# Imports

In [159]:
import numpy as np
import os
import json
import pandas as pd
from sklearn.metrics import confusion_matrix
from sklearn.model_selection import train_test_split
from sklearn.preprocessing import Normalizer, StandardScaler
from keras.models import Sequential
from keras.layers import Dense, Dropout
from keras.callbacks import EarlyStopping
from keras.optimizers import Adam
import keras
from keras_tuner import BayesianOptimization, HyperParameters, HyperModel, Objective
import tensorflow as tf

# Modify sys.path 
project_root = '/Users/carlesferreres/Desktop/Carles/Empresas/KOA/Repos/aquagen-experimentation/'
os.chdir(project_root)

from src.utils.google_drive import GoogleDrive

# Config

In [160]:
EXPERIMENT_CONFIG_PATH = os.getenv('EXPERIMENT_CONFIG_PATH')
with open(EXPERIMENT_CONFIG_PATH) as json_file:
    exp_config = json.load(json_file)

folder_id = exp_config.get('data').get('source').get('folder_id')
filename = exp_config.get('data').get('source').get('filename')
first_date = exp_config.get('training').get('first_date')
feature_columns = exp_config.get('training').get('feature_columns')

# Prepare data

In [161]:
# Load data
gdw = GoogleDrive()
file = gdw.read_file(folder_id, filename)
df = pd.read_excel(file, engine='openpyxl')

In [162]:
# Transform dates
df['ExperimentDate'] = df.ExperimentDate.str[:10]
df['ExperimentDate'] = pd.to_datetime(df['ExperimentDate'])

In [163]:
# Filter valid samples and fix data
df = df[df.ExperimentDate >= pd.to_datetime(first_date)]
df = df[df.InputType == 'Pathogen']
df.fillna(-1, inplace=True)
df['Class'] = df.InputName.str.lower() != 'control'

In [164]:
# View classes distribution
print(df['Class'].value_counts())

Class
True     822
False    194
Name: count, dtype: int64


In [165]:
# Normalize / Standardize
scaler = StandardScaler()
# scaler = Normalizer()
df[feature_columns] = scaler.fit_transform(df[feature_columns])

In [166]:
# Split data into train and test sets
X = df[feature_columns]
y = df['Class']
X_train, X_test, y_train, y_test = train_test_split(X, y, test_size=0.2, random_state=42)

# Train Model

In [167]:
# Define model builder function
class MyHyperModel(HyperModel):
    def build(self, hp):
        model = Sequential()
        model.add(Dense(units=hp.Int('units', min_value=32, max_value=512, step=32), 
                        activation='relu', 
                        input_dim=X_train.shape[1]))
        model.add(Dropout(rate=hp.Float('dropout_rate', min_value=0.1, max_value=0.5, step=0.1)))
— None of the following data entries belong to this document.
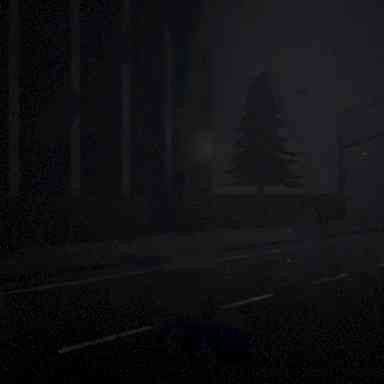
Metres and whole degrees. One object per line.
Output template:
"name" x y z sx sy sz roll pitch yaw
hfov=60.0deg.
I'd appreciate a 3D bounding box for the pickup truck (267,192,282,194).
"pickup truck" 17.322 0.988 69.661 2.390 2.098 6.274 0 0 -6
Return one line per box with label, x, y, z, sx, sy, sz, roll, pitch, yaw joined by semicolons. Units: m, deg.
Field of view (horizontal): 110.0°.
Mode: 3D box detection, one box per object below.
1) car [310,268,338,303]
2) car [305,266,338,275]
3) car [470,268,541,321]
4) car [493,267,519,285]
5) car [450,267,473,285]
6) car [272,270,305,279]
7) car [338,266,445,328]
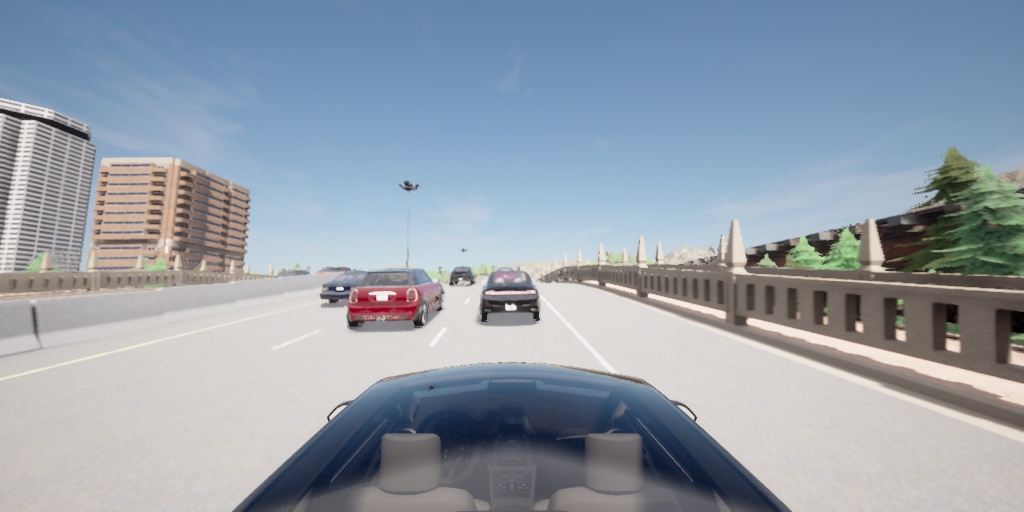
car;-7.210;1.412;17.394;2.033;1.411;5.357;-1;0;-1
car;-18.312;2.048;36.755;2.150;2.045;5.566;-1;-5;-1
car;-0.091;1.254;12.539;2.128;1.511;4.902;-1;0;-1
car;-0.517;1.680;30.212;1.994;1.385;4.181;-1;-3;-1
car;-4.012;1.655;29.937;1.837;1.490;4.892;-1;-3;-1
car;-21.803;2.163;35.931;2.097;1.767;4.553;-1;-4;-1
car;-3.577;1.160;11.864;2.097;1.767;4.553;-1;0;-1
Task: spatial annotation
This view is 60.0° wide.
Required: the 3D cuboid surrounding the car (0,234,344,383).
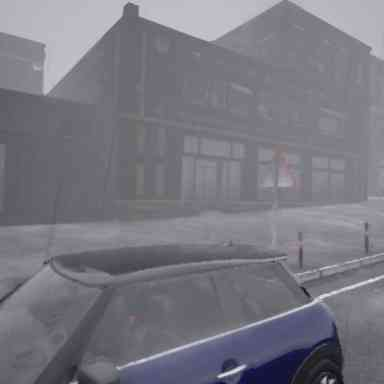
[{"bbox_3d":[-0.731,1.323,2.855,4.553,1.767,2.097,1,-1,-36],"label":"car"}]
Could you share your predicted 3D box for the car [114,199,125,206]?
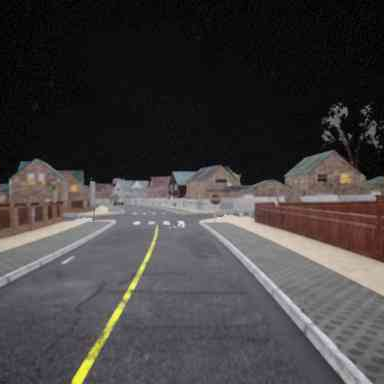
[{"bbox_3d":[-16.521,2.409,75.780,1.882,1.535,5.008,0,-1,-21],"label":"car"}]

        for _ in range(hp.Int('num_layers', 1, 6)):
            model.add(Dense(units=hp.Int('units', min_value=32, max_value=512, step=32), 
                            activation='relu'))
            model.add(Dropout(rate=hp.Float('dropout_rate', min_value=0.1, max_value=0.5, step=0.1)))

        model.add(Dense(1, activation='sigmoid'))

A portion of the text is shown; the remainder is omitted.